Required work
Look for "roof" in every line of the listing. Copy the lines that have it.

(Extracted entries Opens)

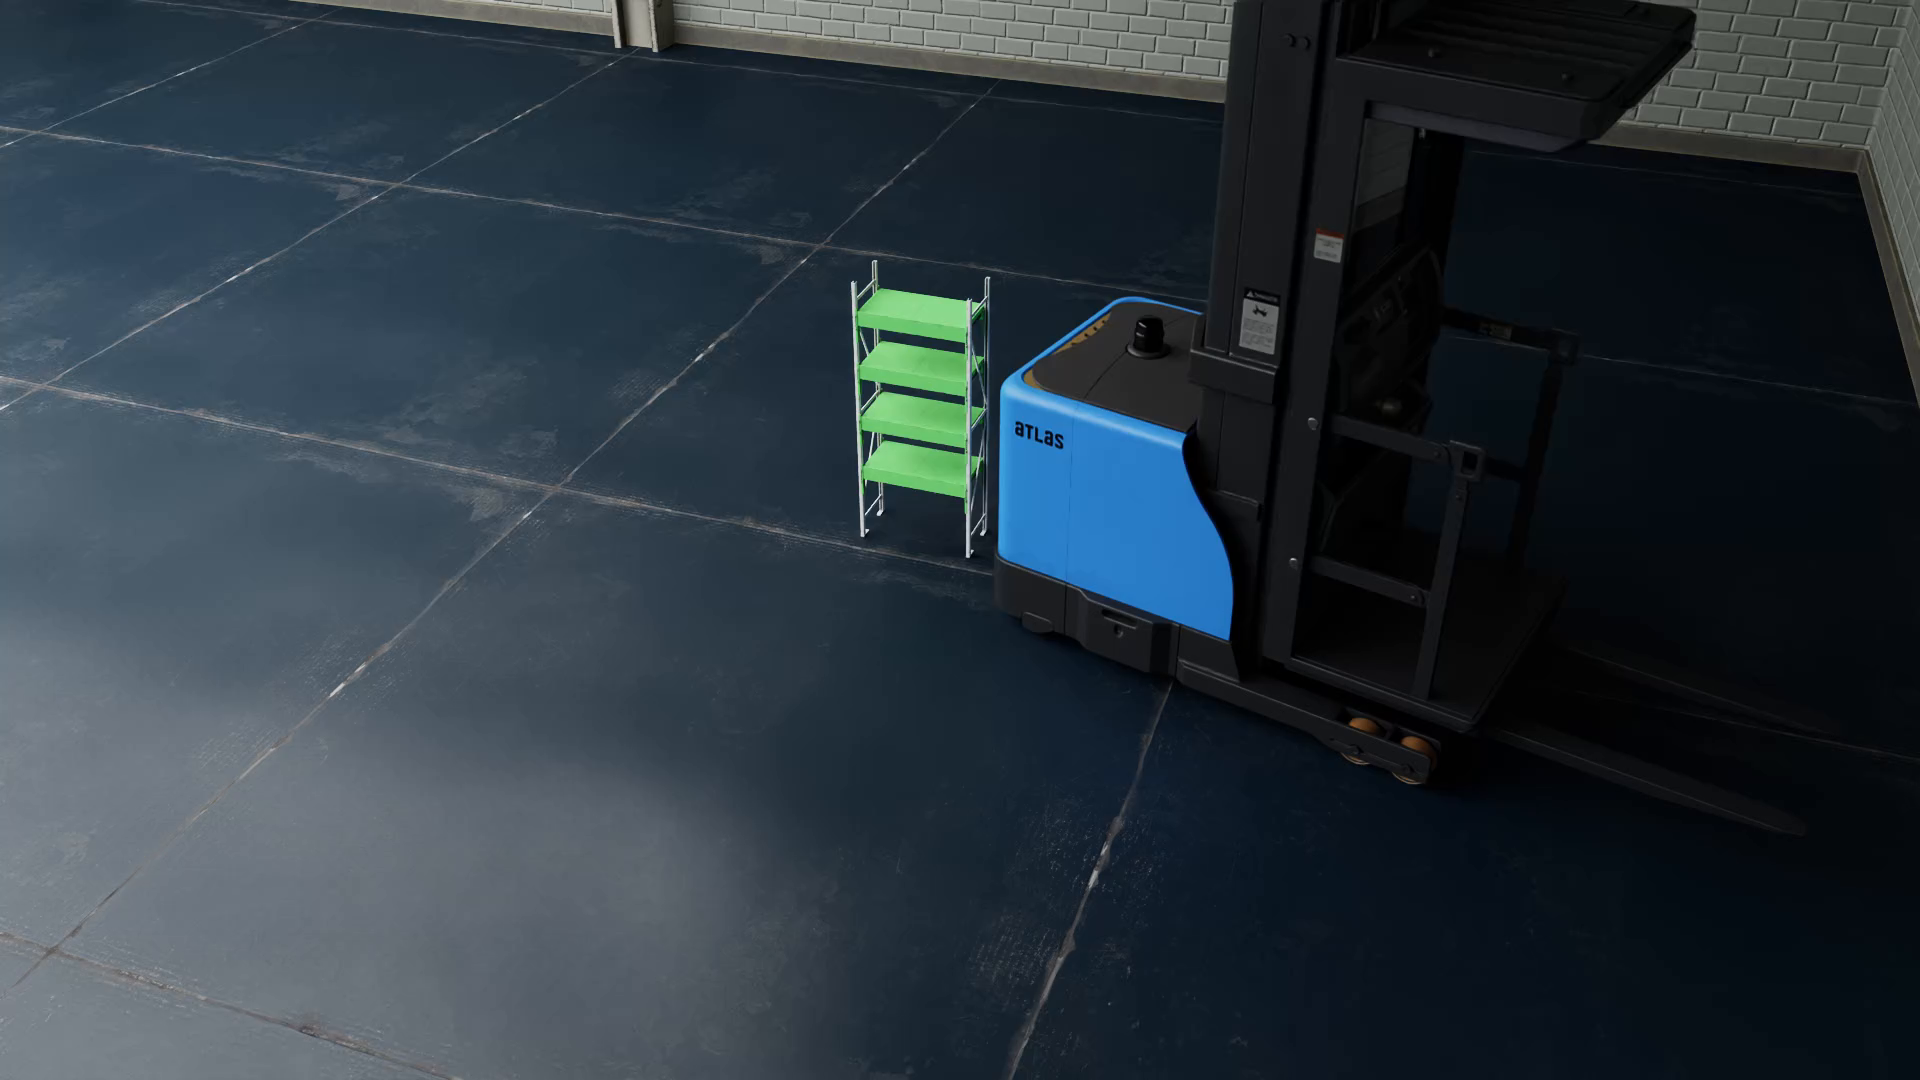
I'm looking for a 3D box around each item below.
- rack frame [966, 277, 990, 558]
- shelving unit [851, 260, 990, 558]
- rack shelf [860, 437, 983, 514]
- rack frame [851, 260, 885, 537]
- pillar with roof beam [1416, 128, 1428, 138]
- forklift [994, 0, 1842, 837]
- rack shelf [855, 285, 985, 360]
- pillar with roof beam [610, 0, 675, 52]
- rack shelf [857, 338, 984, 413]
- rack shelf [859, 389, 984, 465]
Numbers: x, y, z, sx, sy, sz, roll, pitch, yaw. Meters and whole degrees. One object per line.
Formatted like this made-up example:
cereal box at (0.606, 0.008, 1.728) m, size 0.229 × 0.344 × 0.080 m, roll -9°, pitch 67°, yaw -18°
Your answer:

(Extracted entries Closes)

Exercise output
- pillar with roof beam [1416, 128, 1428, 138]
- pillar with roof beam [610, 0, 675, 52]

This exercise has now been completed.